TASK REQUIREMENTS. Give the listing again word for word. Skip the pictures.

EXERCISE INPUTS.
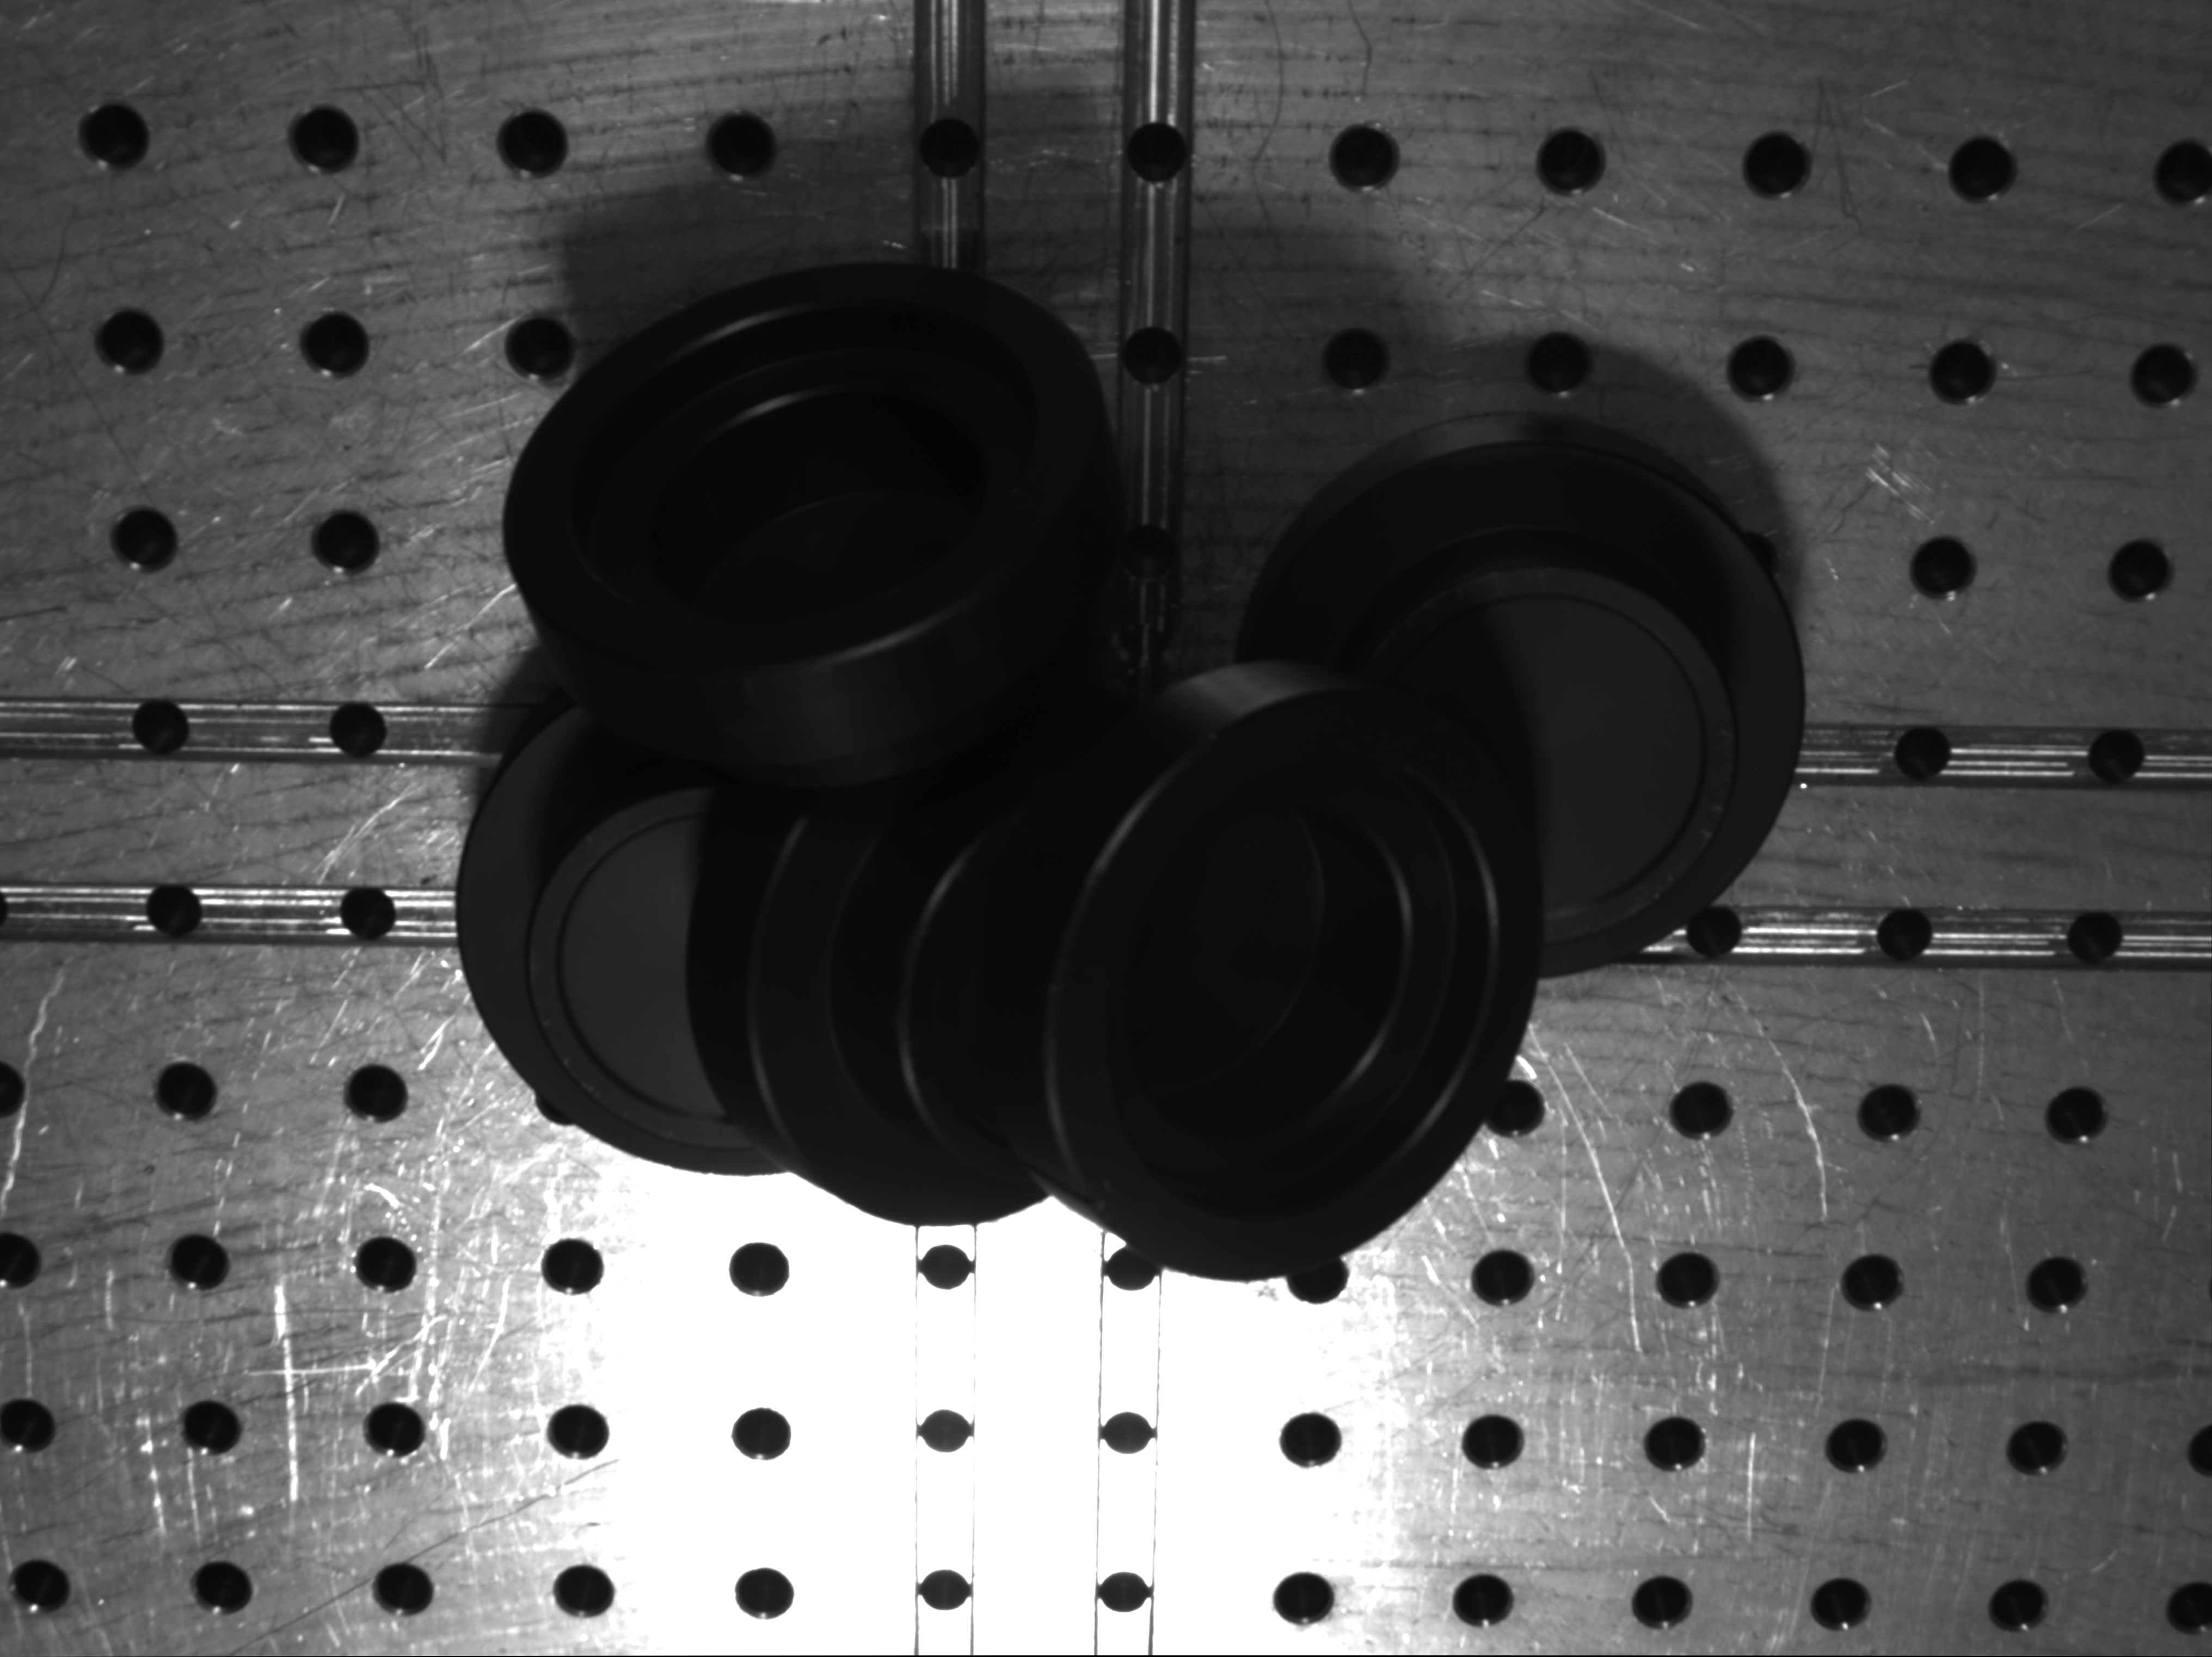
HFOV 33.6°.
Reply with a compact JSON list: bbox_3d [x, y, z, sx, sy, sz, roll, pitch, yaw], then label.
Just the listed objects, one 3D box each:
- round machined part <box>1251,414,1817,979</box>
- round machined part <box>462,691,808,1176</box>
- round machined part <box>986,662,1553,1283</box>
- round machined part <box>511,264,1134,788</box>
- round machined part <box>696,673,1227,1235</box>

EXPECTED ANSWER.
HFOV 33.6°.
Reply with a compact JSON list: bbox_3d [x, y, z, sx, sy, sz, roll, pitch, yaw], then label.
Just the listed objects, one 3D box each:
- round machined part <box>1251,414,1817,979</box>
- round machined part <box>462,691,808,1176</box>
- round machined part <box>986,662,1553,1283</box>
- round machined part <box>511,264,1134,788</box>
- round machined part <box>696,673,1227,1235</box>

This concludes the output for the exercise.